Dataset entries:
---*---

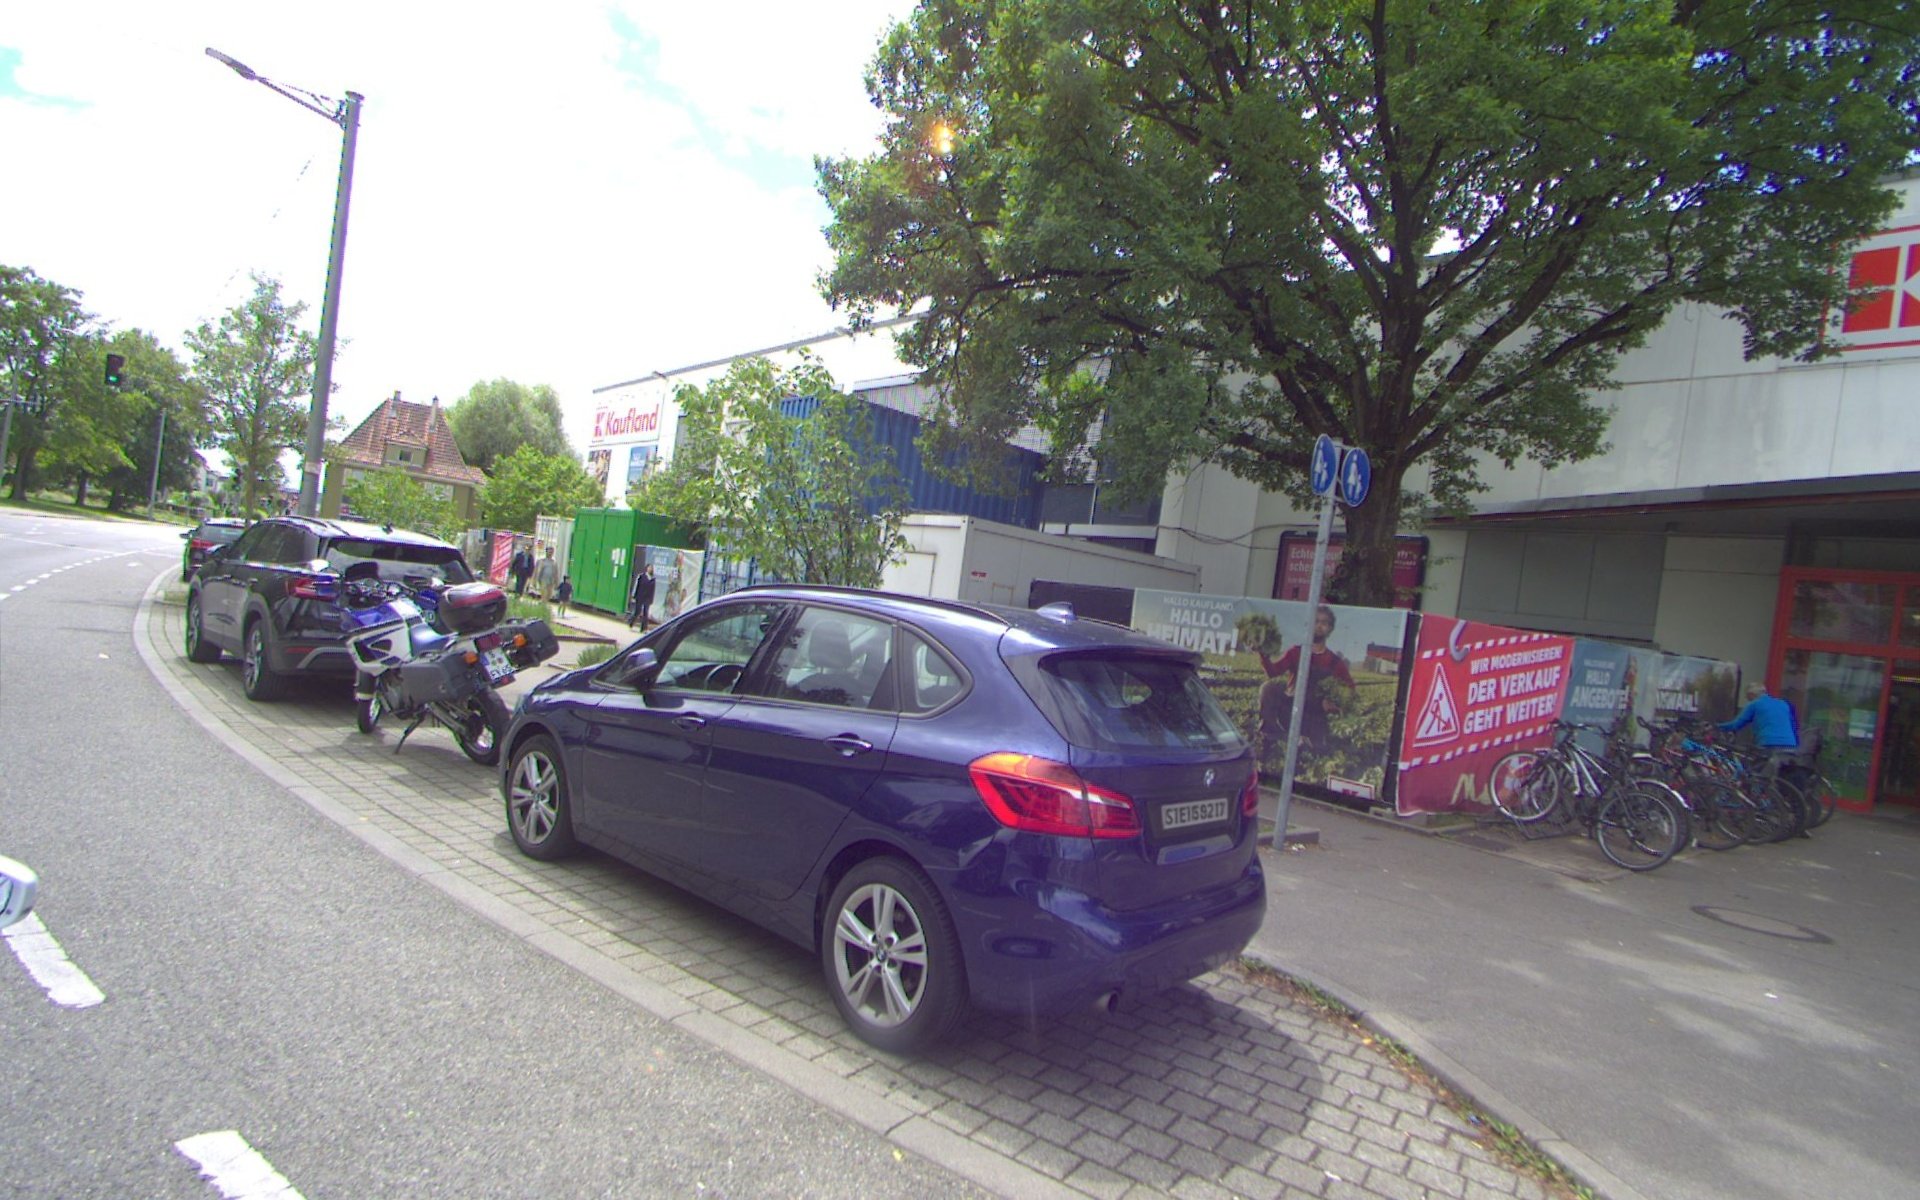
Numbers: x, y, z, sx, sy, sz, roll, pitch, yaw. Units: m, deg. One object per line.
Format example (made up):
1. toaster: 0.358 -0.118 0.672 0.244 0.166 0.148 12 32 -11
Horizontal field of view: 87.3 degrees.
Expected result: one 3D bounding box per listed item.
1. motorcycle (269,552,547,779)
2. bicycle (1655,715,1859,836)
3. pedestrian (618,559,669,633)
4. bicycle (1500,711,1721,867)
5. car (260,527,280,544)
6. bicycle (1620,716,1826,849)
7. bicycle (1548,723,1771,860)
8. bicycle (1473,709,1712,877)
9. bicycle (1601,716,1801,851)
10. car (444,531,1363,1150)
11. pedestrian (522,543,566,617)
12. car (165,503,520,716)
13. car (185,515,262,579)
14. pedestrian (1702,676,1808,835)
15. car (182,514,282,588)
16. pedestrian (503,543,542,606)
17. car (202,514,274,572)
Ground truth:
1. motorcycle: -4.150 0.411 7.473 2.229 1.322 1.069 7 2 42
2. bicycle: 10.197 2.220 12.957 0.525 1.169 1.896 8 -1 -34
3. pedestrian: -7.507 -0.101 23.839 0.739 1.637 0.759 8 0 -39
4. bicycle: 6.380 1.821 9.992 0.495 1.169 1.763 8 -1 -23
5. car: -82.339 -7.705 120.113 1.822 1.637 4.112 7 0 -35
6. bicycle: 8.806 2.078 11.684 0.436 1.169 1.748 8 -1 -38
7. bicycle: 7.314 1.965 10.595 0.518 1.053 1.778 6 0 -44
8. bicycle: 5.736 1.717 9.252 0.446 1.169 1.779 8 -1 -27
9. bicycle: 8.264 2.014 11.289 0.422 1.169 1.645 8 -1 -37
10. car: -0.613 0.659 5.010 4.367 1.598 1.913 6 0 41
11. pedestrian: -10.220 -0.493 24.720 0.647 1.717 0.717 7 0 -37
12. car: -6.527 -0.005 10.349 4.782 1.642 1.874 6 0 44
13. car: -20.849 -1.523 28.563 1.559 1.511 3.961 6 0 -36
14. pedestrian: 9.651 1.863 12.219 0.619 1.779 0.740 4 2 -37
15. car: -17.861 -1.246 24.592 1.755 1.496 4.884 4 1 -38
16. pedestrian: -12.702 -0.756 29.196 0.649 1.717 0.835 7 0 -39
17. car: -23.848 -1.899 33.254 1.726 1.637 4.344 5 1 -36
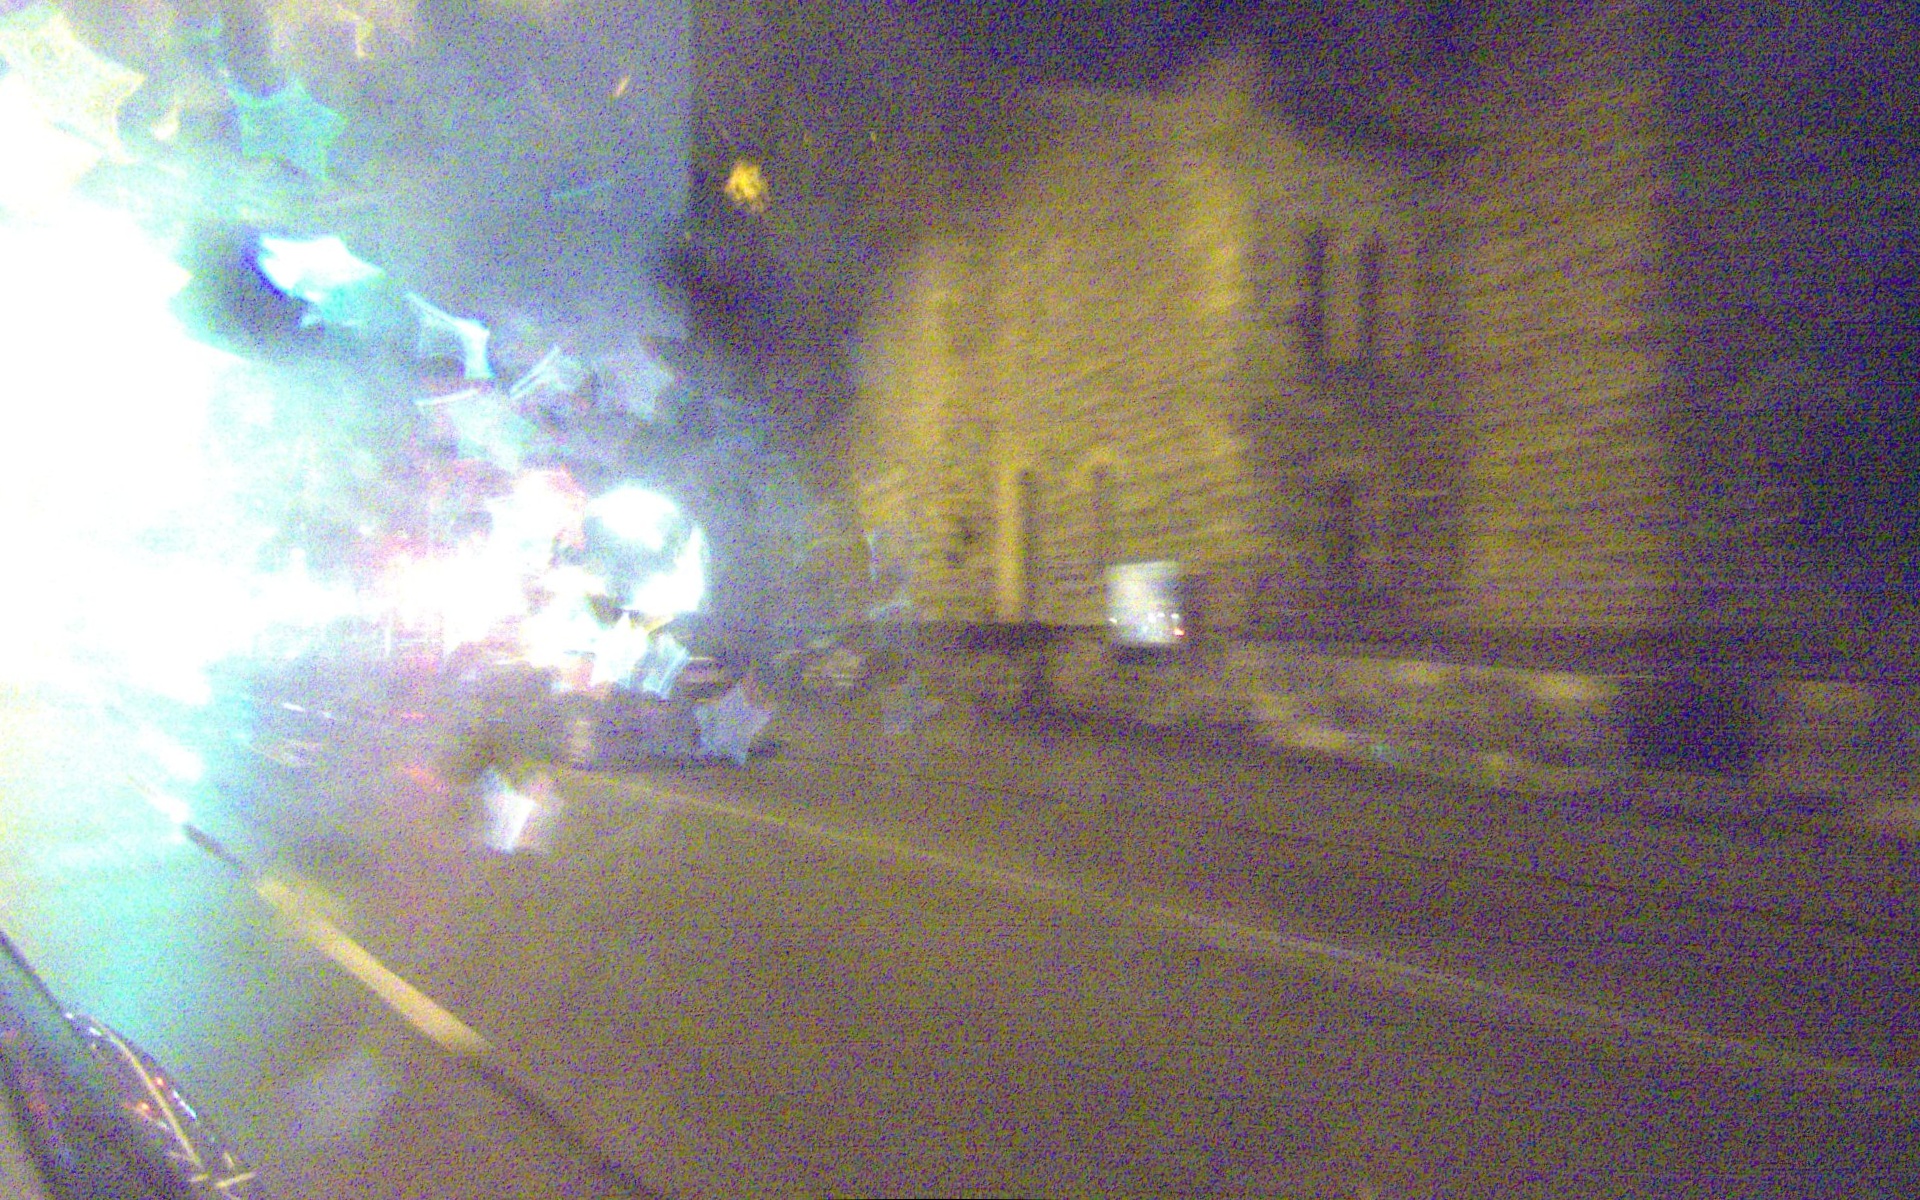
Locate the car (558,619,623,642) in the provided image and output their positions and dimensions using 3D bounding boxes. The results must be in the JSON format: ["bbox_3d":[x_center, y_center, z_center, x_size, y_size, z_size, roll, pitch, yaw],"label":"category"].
[{"bbox_3d":[-25.885,2.152,70.934,4.147,1.578,1.855,1,-2,-21],"label":"car"}]

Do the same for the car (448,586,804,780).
[{"bbox_3d":[-3.768,0.774,10.966,4.411,1.683,1.792,-1,-2,43],"label":"car"}]

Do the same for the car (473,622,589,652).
[{"bbox_3d":[-21.070,1.816,49.866,4.983,1.436,2.005,1,-2,-13],"label":"car"}]

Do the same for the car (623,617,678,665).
[{"bbox_3d":[-12.160,1.620,39.638,1.671,1.741,4.013,2,-3,-22],"label":"car"}]

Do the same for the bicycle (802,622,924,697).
[{"bbox_3d":[-1.595,0.967,16.789,1.936,1.189,0.543,1,-2,-28],"label":"bicycle"}]
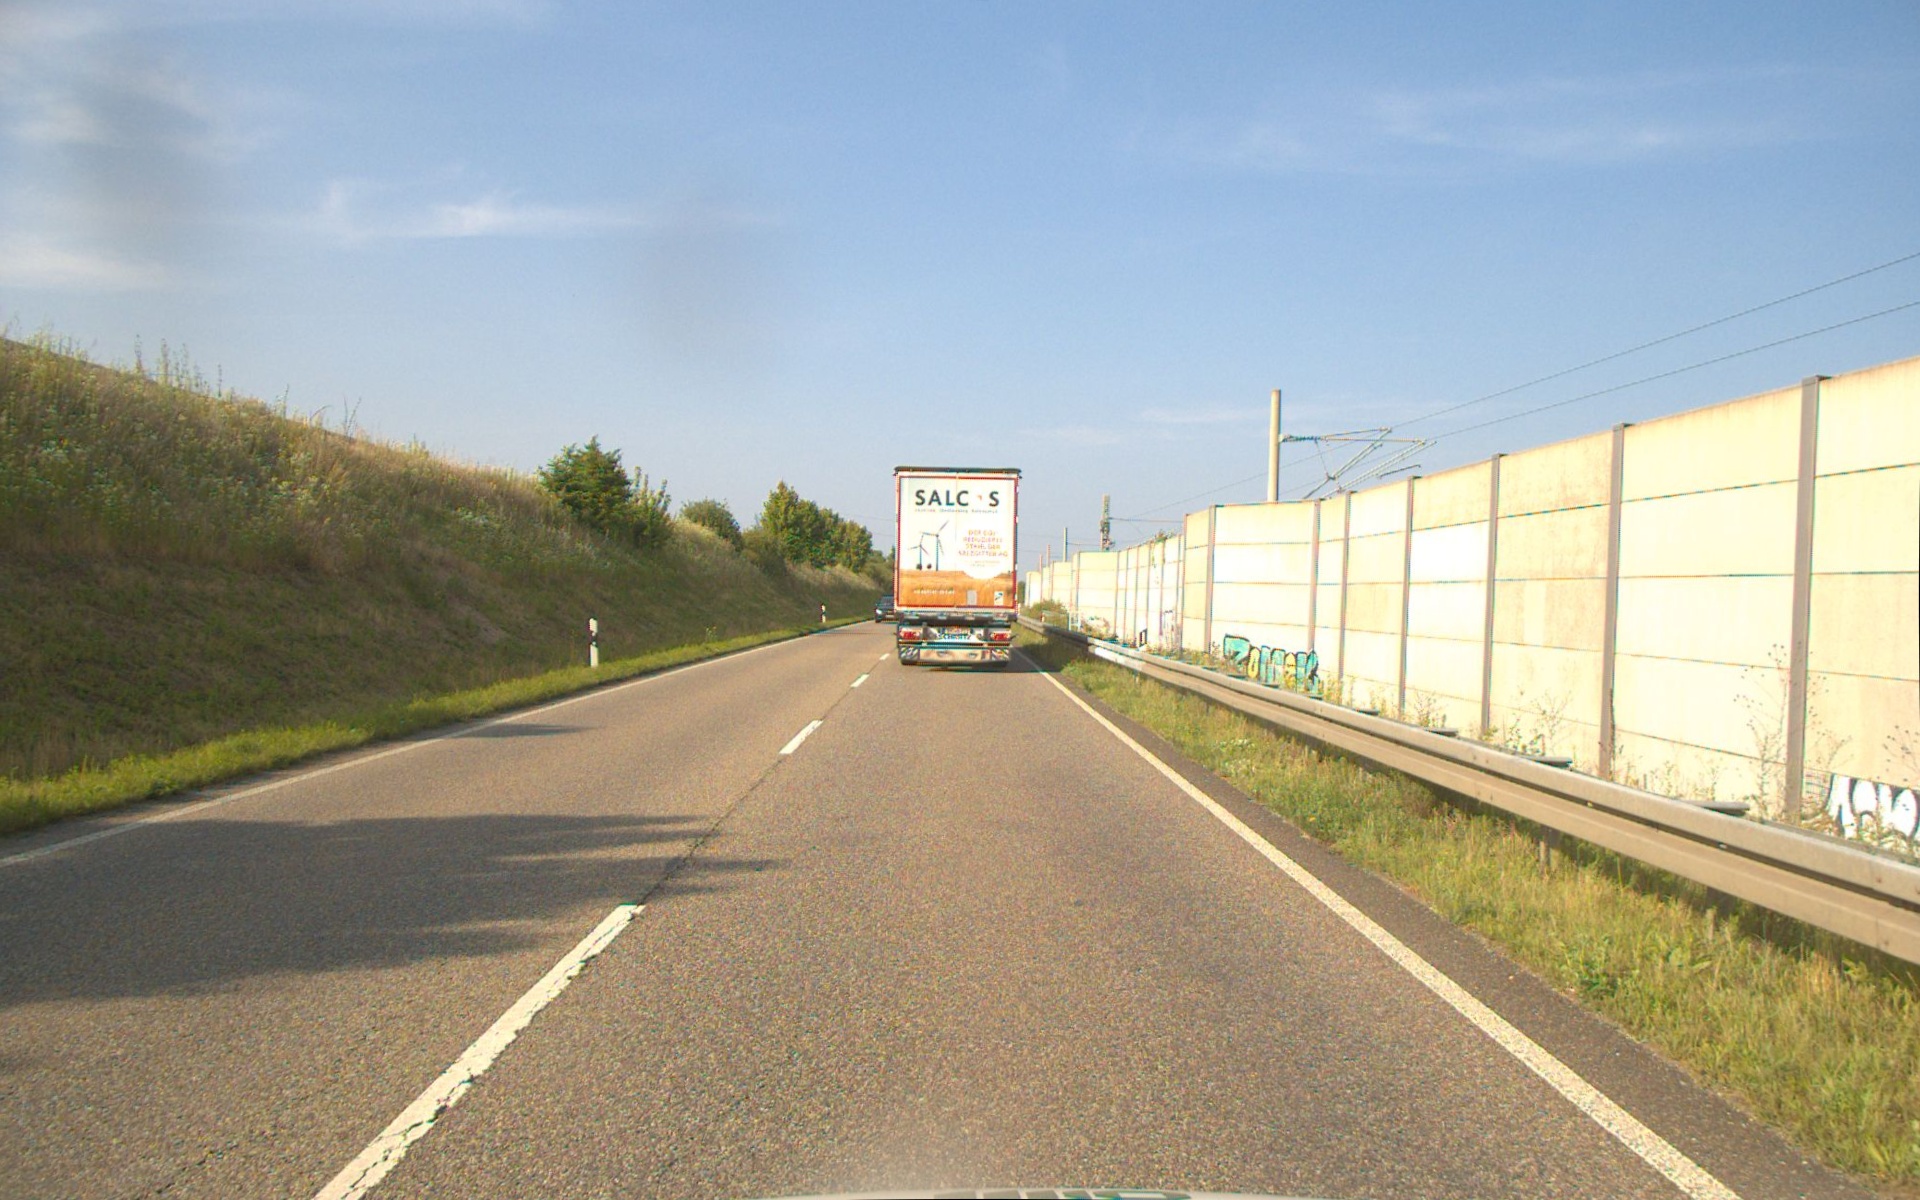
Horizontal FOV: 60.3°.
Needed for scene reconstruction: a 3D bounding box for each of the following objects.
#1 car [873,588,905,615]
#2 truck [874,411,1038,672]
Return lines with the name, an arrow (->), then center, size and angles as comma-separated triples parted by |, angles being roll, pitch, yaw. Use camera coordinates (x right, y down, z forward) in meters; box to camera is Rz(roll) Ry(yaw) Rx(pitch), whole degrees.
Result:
car -> -4.038, 0.071, 94.695 | 1.681, 1.479, 4.018 | 1, 0, -1
truck -> -0.075, -1.195, 39.190 | 3.223, 5.179, 12.037 | 1, 0, 0

---*---

Instructions for the task. Please make an exact copy of the lines above from the line with "3. pedestrian (618,559,669,633)" through the line with "17. car (202,514,274,572)", both ends included.

Exercise answer.
3. pedestrian (618,559,669,633)
4. bicycle (1500,711,1721,867)
5. car (260,527,280,544)
6. bicycle (1620,716,1826,849)
7. bicycle (1548,723,1771,860)
8. bicycle (1473,709,1712,877)
9. bicycle (1601,716,1801,851)
10. car (444,531,1363,1150)
11. pedestrian (522,543,566,617)
12. car (165,503,520,716)
13. car (185,515,262,579)
14. pedestrian (1702,676,1808,835)
15. car (182,514,282,588)
16. pedestrian (503,543,542,606)
17. car (202,514,274,572)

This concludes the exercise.